In debugger there are 5 elements in the queue.
Comment 20 Rolf Theunissen CLA 2019-11-20 10:04:22 EST
Finally getting somewhere:

In UIEventObjectSupplier#UIEventHandler#handleEvent sometimes 'unsubscribe' is called on the events registered for PartOnTopManager. After unsubscribe is called, the test fails (which makes sense).

The question now is why unsubscribe is called. This happens when the requestor becomes inValid, i.e., when a weak-reference looses its reference.

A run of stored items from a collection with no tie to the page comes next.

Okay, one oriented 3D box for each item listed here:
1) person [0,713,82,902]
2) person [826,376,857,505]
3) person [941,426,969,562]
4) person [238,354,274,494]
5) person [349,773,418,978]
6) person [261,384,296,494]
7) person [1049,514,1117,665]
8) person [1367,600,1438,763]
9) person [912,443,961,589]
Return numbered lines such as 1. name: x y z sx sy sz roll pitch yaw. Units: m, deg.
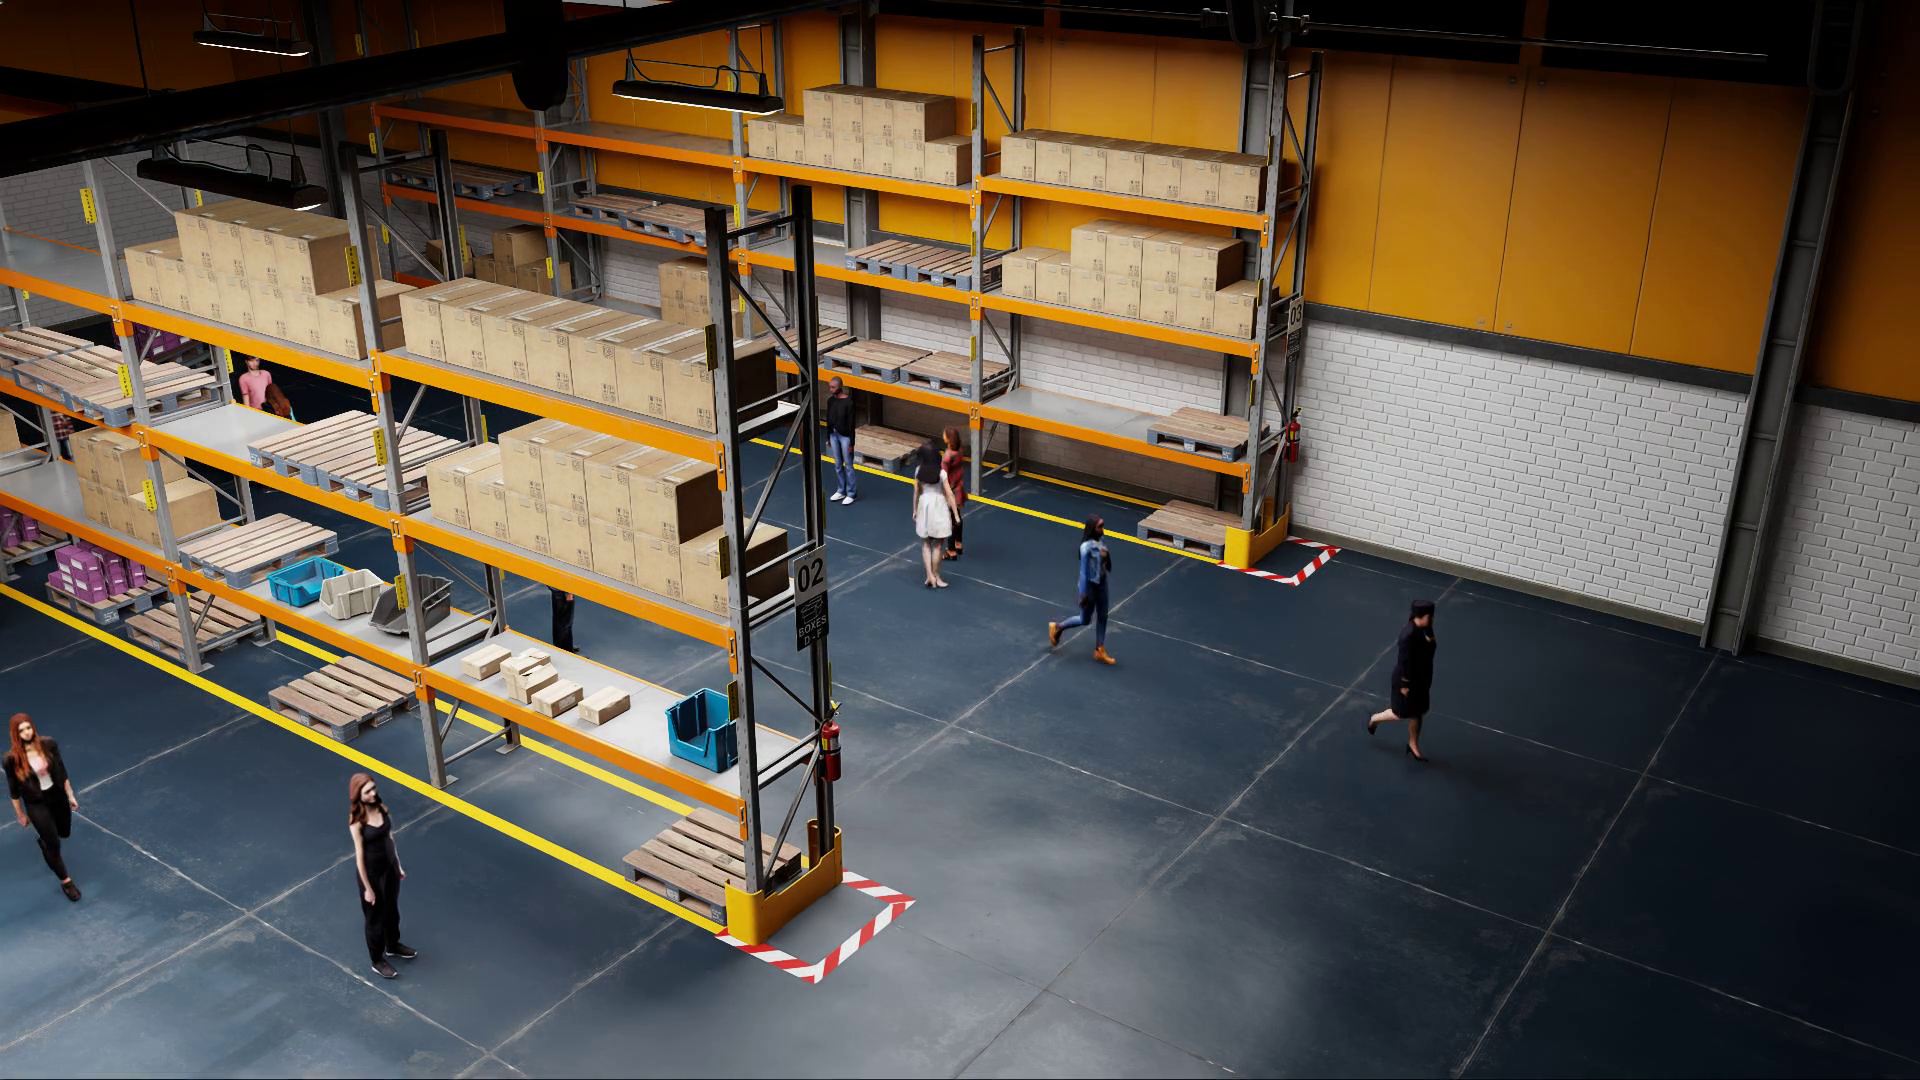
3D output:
1. person: -7.732 2.178 14.004 1.011 1.696 0.639 18 30 36
2. person: -1.554 -1.346 22.003 0.505 1.745 0.664 14 27 28
3. person: -0.091 -0.586 20.320 0.625 1.701 0.671 9 25 19
4. person: -9.399 -1.626 22.375 0.522 1.959 0.618 15 28 30
5. person: -4.567 2.589 13.003 0.613 1.743 0.629 8 25 17
6. person: -9.131 -1.384 22.395 0.662 1.501 0.690 -14 27 -28
7. person: 1.340 0.510 17.823 1.014 1.693 0.646 13 27 28
8. person: 4.275 1.335 15.981 0.812 1.656 1.000 -21 31 -39
9. person: -0.339 -0.277 19.537 0.651 1.762 0.853 15 28 30

So, is there a strong reference to PartOnTopManager? E4Workbench provides the answer (line 135), and it is *no*.
Comment 21 Eclipse Genie CLA 2019-11-20 10:05:30 EST
New Gerrit change created: https://git.eclipse.org/r/153067
Comment 22 Andrey Loskutov CLA 2019-11-21 16:31:58 EST
I think the last patch from Rolf would be good candidate for RC1. WDYT?
Comment 23 Lars Vogel CLA 2019-11-21 16:47:59 EST
(In reply to Andrey Loskutov from comment #22)
> I think the last patch from Rolf would be good candidate for RC1. WDYT?

IIRC for test and example code no approval is required
Comment 24 Andrey Loskutov CLA 2019-11-21 16:48:51 EST
(In reply to Lars Vogel from comment #23)
> (In reply to Andrey Loskutov from comment #22)
> > I think the last patch from Rolf would be good candidate for RC1. WDYT?
> 
> IIRC for test and example code no approval is required

The change is in production code.
Comment 25 Lars Vogel CLA 2019-11-21 17:15:26 EST
(In reply to Andrey Loskutov from comment #24)
> (In reply to Lars Vogel from comment #23)
> > (In reply to Andrey Loskutov from comment #22)
> > > I think the last patch from Rolf would be good candidate for RC1. WDYT?
> > 
> > IIRC for test and example code no approval is required
> 
> The change is in production code.

Ah, didn't notice. Please find another lead to approve, I'm currently really busy with other work.
Comment 27 Lars Vogel CLA 2019-11-22 05:05:17 EST
Many thanks for Rolf for fixing that and to all which worked on this. This was a major annoyance in your Gerrit stream.